• **Problem statement**: Starting with the line that contains "Numbers: x, y, z, sx, sy, sz, roll, pitch, yaw." and ending with the last line of the entries, repeat exactly those lines and nothing else, pictures excluded.

• **Task input**:
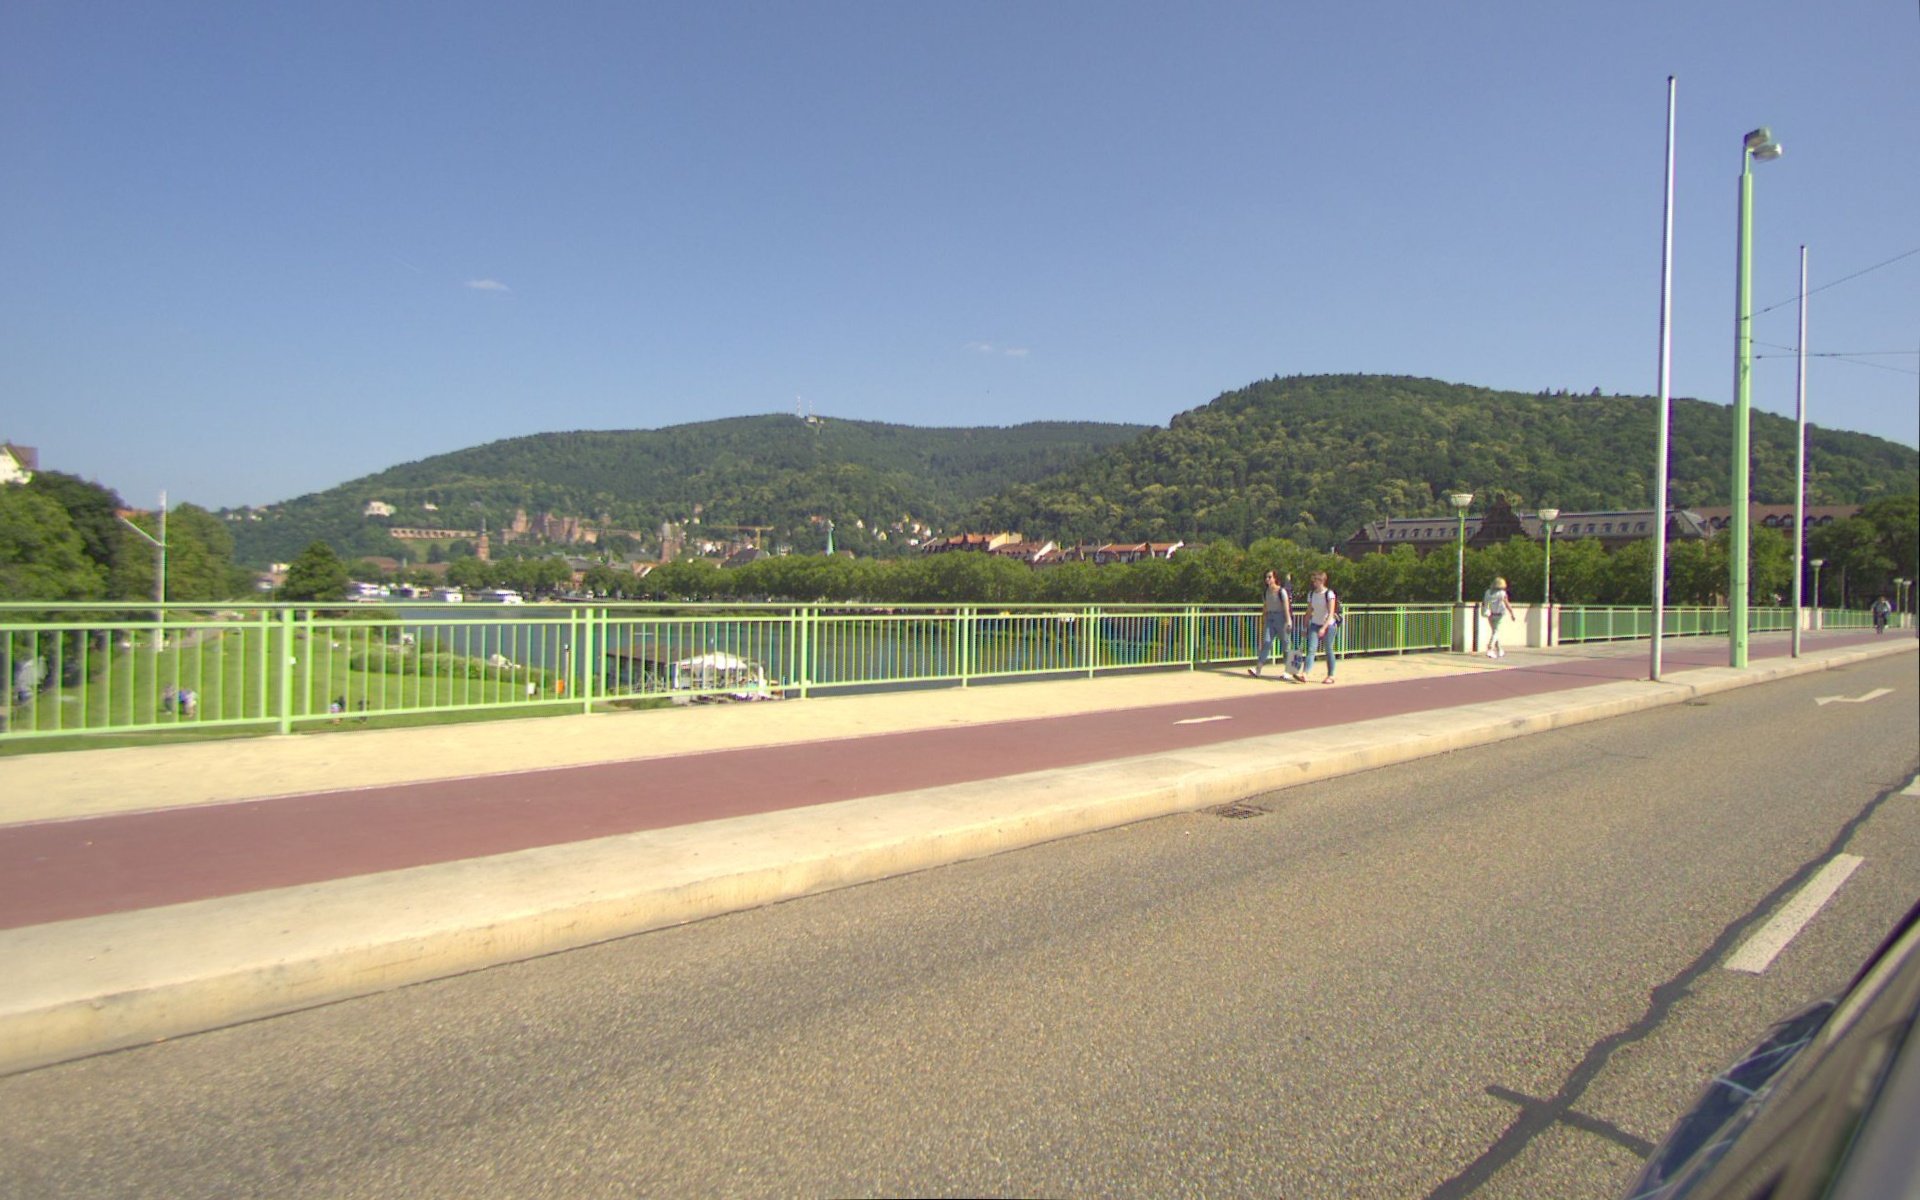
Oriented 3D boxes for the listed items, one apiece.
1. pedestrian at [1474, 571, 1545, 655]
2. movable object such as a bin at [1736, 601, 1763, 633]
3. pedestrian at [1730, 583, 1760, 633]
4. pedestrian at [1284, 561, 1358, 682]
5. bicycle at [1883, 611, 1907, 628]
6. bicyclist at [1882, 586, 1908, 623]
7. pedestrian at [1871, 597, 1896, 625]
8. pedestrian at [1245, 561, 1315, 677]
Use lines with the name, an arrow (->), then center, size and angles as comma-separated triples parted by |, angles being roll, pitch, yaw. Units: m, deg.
pedestrian -> 11.474, 0.256, 21.128 | 1.063, 1.683, 0.949 | 0, 2, -41
movable object such as a bin -> 28.620, 0.614, 36.676 | 0.917, 1.104, 0.583 | 0, 1, -42
pedestrian -> 28.011, 0.279, 36.106 | 0.844, 1.727, 0.664 | 0, 2, -41
pedestrian -> 5.244, 0.290, 14.699 | 0.811, 1.679, 0.664 | 0, 2, -41
bicycle -> 44.065, 0.919, 47.703 | 1.834, 0.775, 0.595 | 0, 2, -41
bicyclist -> 43.866, 0.205, 47.476 | 0.829, 1.685, 0.731 | 1, 3, -40
pedestrian -> 57.042, 0.691, 62.492 | 1.063, 1.683, 0.949 | 1, 2, -41
pedestrian -> 4.834, 0.266, 15.294 | 0.733, 1.679, 0.668 | 0, 2, -41
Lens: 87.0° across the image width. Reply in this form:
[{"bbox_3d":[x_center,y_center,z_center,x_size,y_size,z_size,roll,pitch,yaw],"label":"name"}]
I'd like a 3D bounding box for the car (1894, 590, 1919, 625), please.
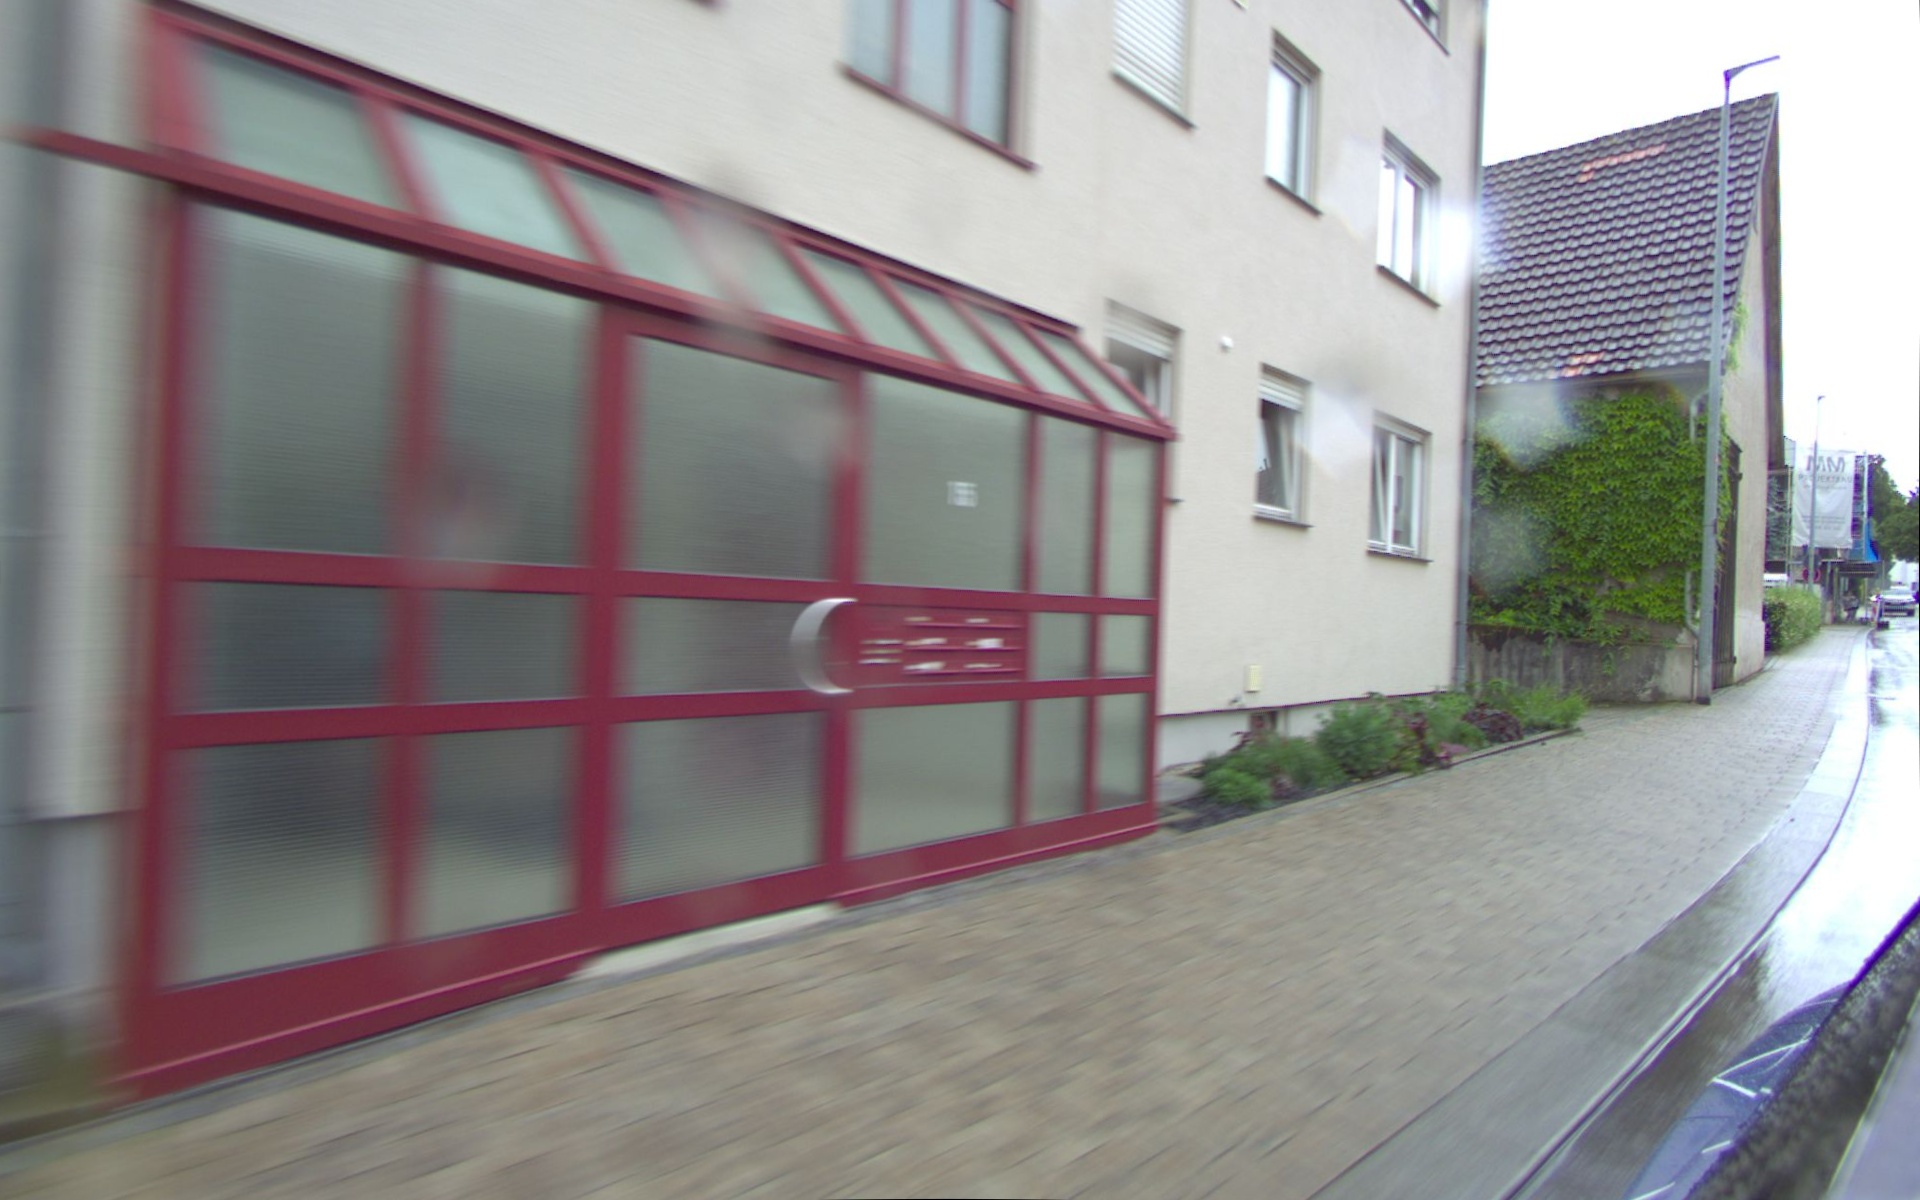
[{"bbox_3d":[58.224,0.449,61.671,1.823,2.000,4.446,3,2,43],"label":"car"}]

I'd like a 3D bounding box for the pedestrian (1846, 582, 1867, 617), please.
[{"bbox_3d":[42.404,-0.042,47.866,0.654,1.600,0.430,4,3,43],"label":"pedestrian"}]

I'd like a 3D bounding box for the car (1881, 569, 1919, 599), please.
[{"bbox_3d":[68.746,-1.151,74.031,1.703,2.128,3.885,0,1,39],"label":"car"}]
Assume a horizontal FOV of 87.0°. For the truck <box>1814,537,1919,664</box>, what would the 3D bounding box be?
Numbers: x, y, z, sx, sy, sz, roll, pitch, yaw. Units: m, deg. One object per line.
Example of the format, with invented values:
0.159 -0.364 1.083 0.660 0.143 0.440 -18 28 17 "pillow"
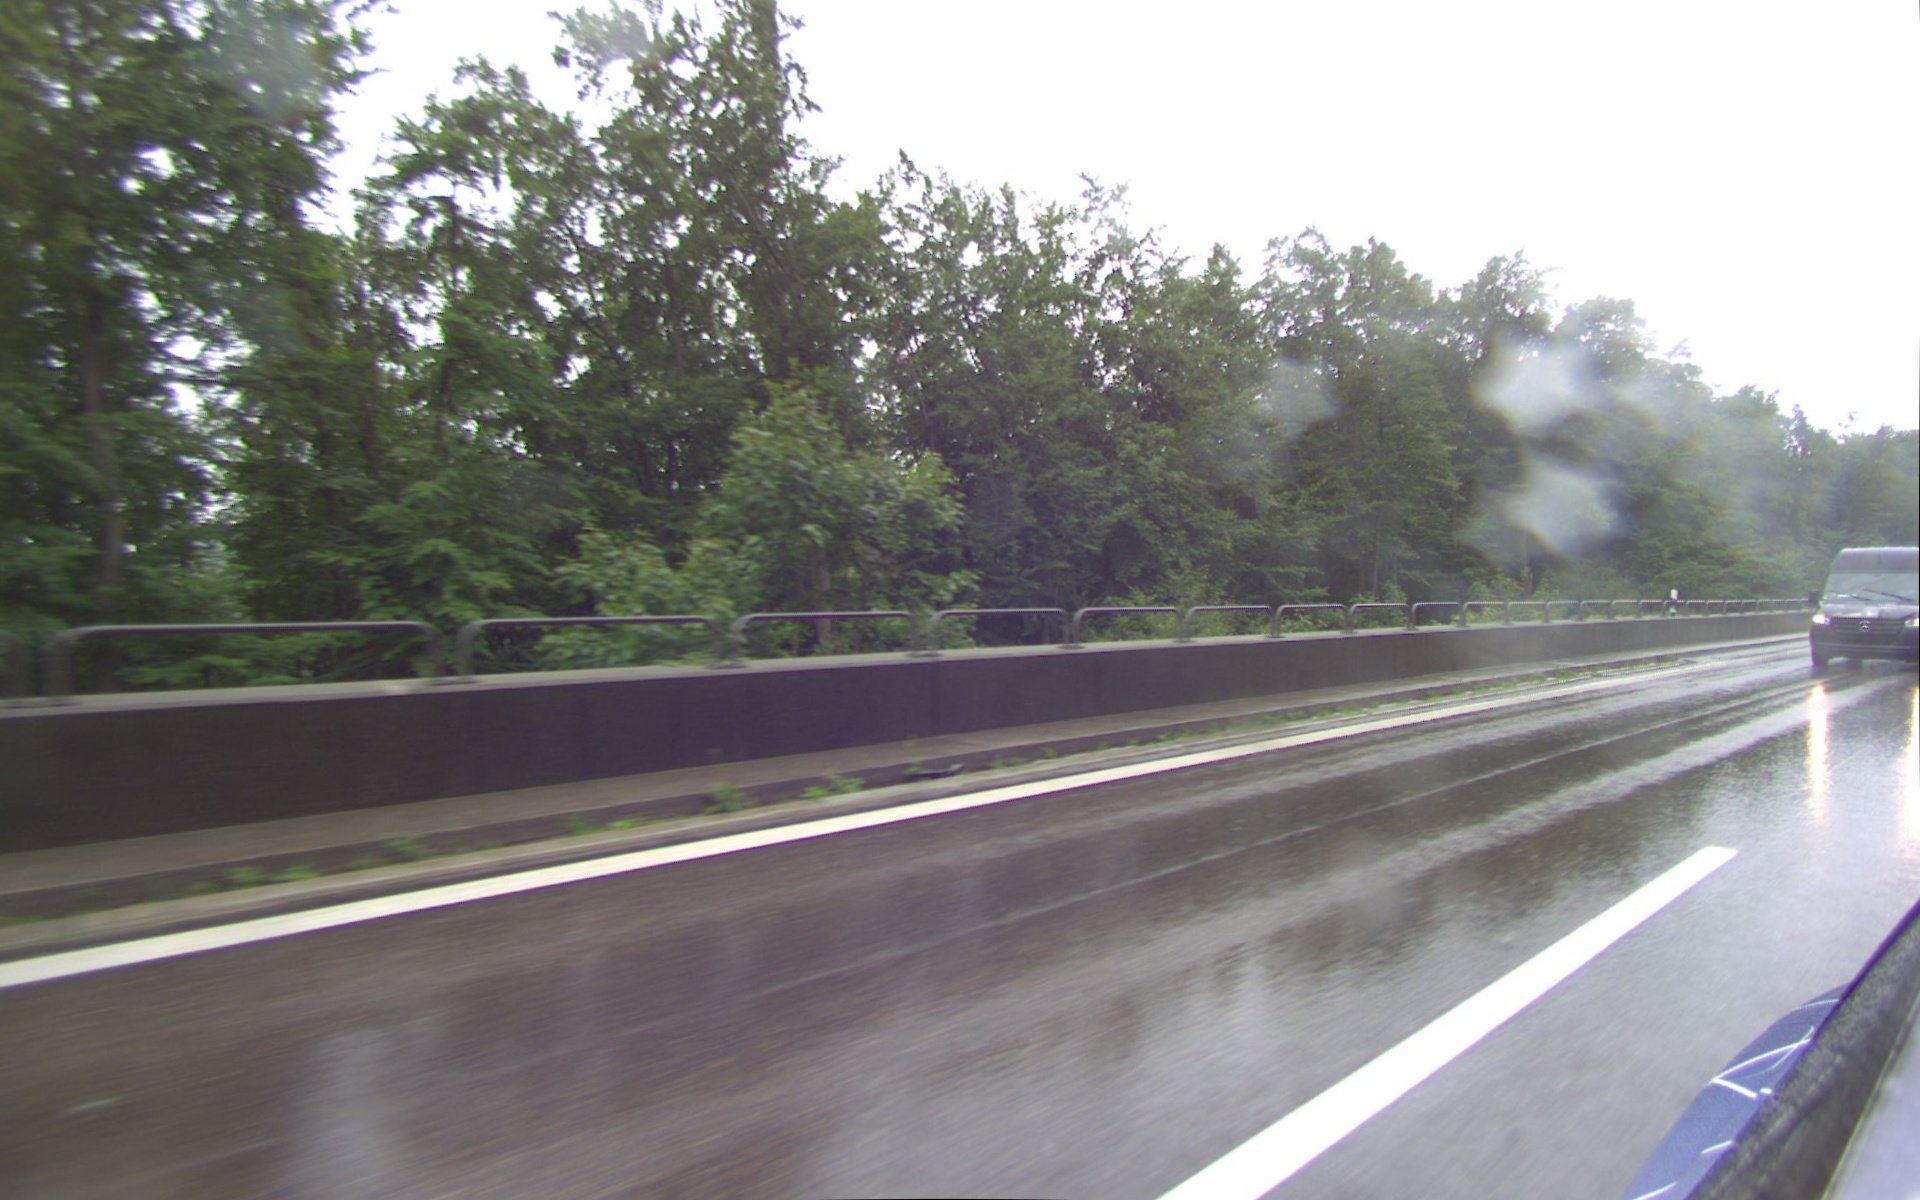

• **Solution for this exercise**:
Numbers: x, y, z, sx, sy, sz, roll, pitch, yaw. Units: m, deg. One object per line.
Example of the format, with invented values:
0.159 -0.364 1.083 0.660 0.143 0.440 -18 28 17 "pillow"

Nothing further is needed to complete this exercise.